For example, please refer to FIG. 1 and FIG. 2 , a composite wire 10 (such as Examples 1 to 13) of one embodiment of the present invention includes a linear core 12 and a cladding 11 surrounding the outer peripheral wall of the core 12. The composite wire 10 has a cross-section S, and the cross-section S of the composite wire 10 is defined as a cross-section perpendicular to the axis of the composite wire 10; the cross-section S is circular, and the cross-section S has a linear diameter D less than 1 mm (i.e., the maximum outer diameter passing through the midpoint of the cross-section S). In the cross-section S of the composite wire 10, the core 12 is also circular and the radius r1 of the core 12 is greater than 10 μm, and the cladding 11 is annular, and the thickness H1 of the cladding 11 is greater than 10 μm. Based on the overall area of the cross-section S, the area occupied by the coating 11 is greater than 50%. As shown in Figure 2, the wire diameter D of the composite wire 10 is equal to twice the sum of the thickness H1 of the coating 11 and the radius r1 of the core 12, that is, D=2 x(H1+r1).

As shown in FIG. 3 , another embodiment of the present invention includes a linear core 12, a cladding 11 surrounding the outer peripheral wall of the core 12, and a protective layer 13 surrounding the outer surface of the cladding 11, from the inside to the outside. In the cross-section S of the composite wire 10, the core 12 is circular and the radius r1 of the core 12 is about 40 μm, while the cladding 11 and the protective layer 13 are both annular; wherein the thickness H1 of the cladding 11 is about 45 μm, and the thickness H2 of the protective layer 13 is about 0.5 μm to 2 μm. Based on the overall area of the cross-section S, the area occupied by the cladding 11 is greater than 50%. As can be seen from Figure 3, the wire diameter D of the composite wire 10 is equal to twice the sum of the thickness H2 of the protective layer 13, the thickness H1 of the coating 11, and the radius r1 of the core 12, that is, D=2 x(H2+H1+r1).

As shown in FIG. 4 , a composite wire 10 of another embodiment of the present invention includes a linear core 12 and a cladding 11 surrounding the outer peripheral wall of the core 12. The composite wire 10 has a cross-section S, which is square. The core 12 in the cross-section S is also square, and the cladding 11 is a rectangular frame.
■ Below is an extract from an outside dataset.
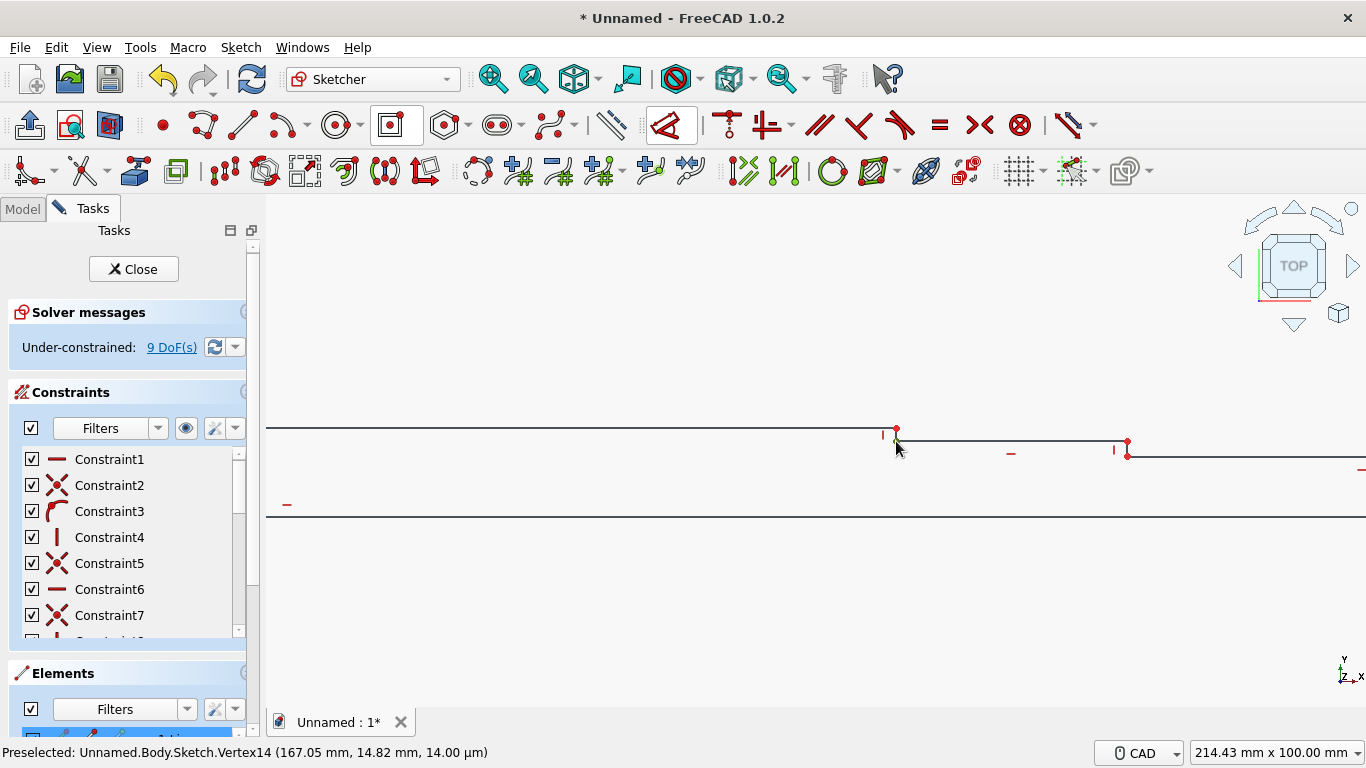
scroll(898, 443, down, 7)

In the cross-section S of the composite wire 10, the cross-section S has a wire diameter D (i.e., the side length of the aforementioned square) less than 1 mm, the half side length r2 of the core 12 is greater than 10 μm, and the thickness H1 of the cladding 11 is greater than 10 μm; based on the entire area of the cross-section S, the area occupied by the cladding 11 is greater than 50%. As can be seen from Figure 4, the wire diameter D of the composite wire 10 is equal to twice the sum of the thickness H1 of the cladding 11 and the half length r2 of the core 12, that is, D=2 x(H1+r2).

Comparative Examples 1 to 2: Palladium Alloy Wire

Comparative Example 1 is a wire made of palladium alloy A, with a wire diameter of 500μm, an average volume resistivity of 11μΩ.cm, and a Vickers hardness of 438Hv. The wire of Comparative Example 2 has the same wire diameter as Comparative Example 1, but is made of palladium alloy B, with an average volume resistivity of 6.5μΩ.cm and a Vickers hardness of 398Hv.
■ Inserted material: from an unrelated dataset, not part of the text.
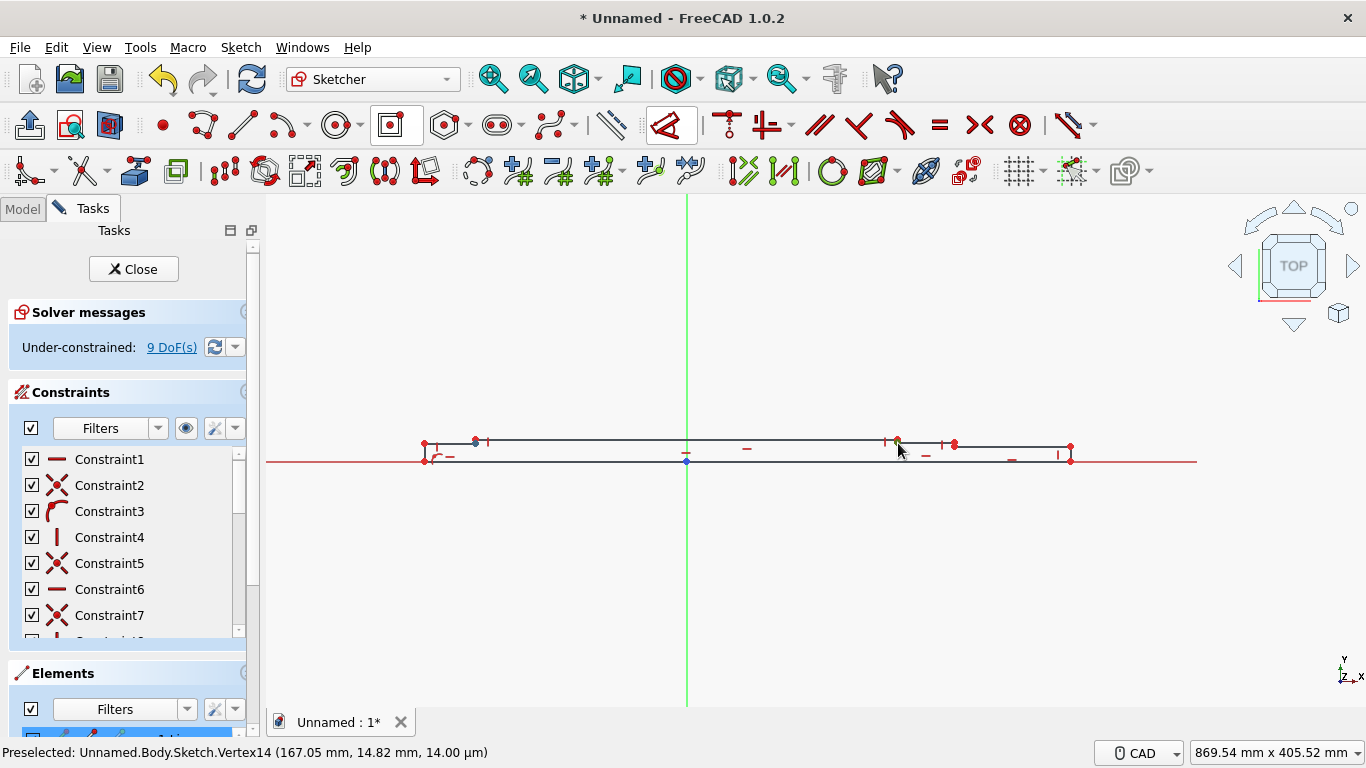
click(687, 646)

Comparisons 3 to 5: Stainless steel wire

The wires in Comparative Examples 3 to 5 are all made of stainless steel S, but their wire diameters, Vickers hardnesses, and average volume resistivity are shown in Table 1.

Test Example 1: Vickers Hardness Analysis

In this test example, the composite wires of Examples 1 to 13, the palladium alloy wires of Comparative Examples 1 to 2, and the stainless steel wires of Comparative Examples 3 to 5 with a length of 1 cm were first embedded with epoxy resin and hardener; then, an automatic grinder (manufacturer: Struers; model: Tegramin-25) was used to grind the wires with silicon carbide sandpaper of #80, #240, #400, #800, #1000, #1500, #2000, and #3000 in sequence. The samples were ground and then polished to a mirror surface with 1.0μm and 0.03μm aluminum oxide powder solutions to obtain cross-sectional samples of each embodiment and comparative example. The aforementioned samples were sequentially tested for Vickers hardness of the core of each sample using a Vickers hardness tester (manufacturer: Mitutoyo Instrument Co., Ltd., model: 810-353DC) with a load of 30g and a loading time of 10 seconds. The average results were recorded in Table 1 after repeated 5-point measurements.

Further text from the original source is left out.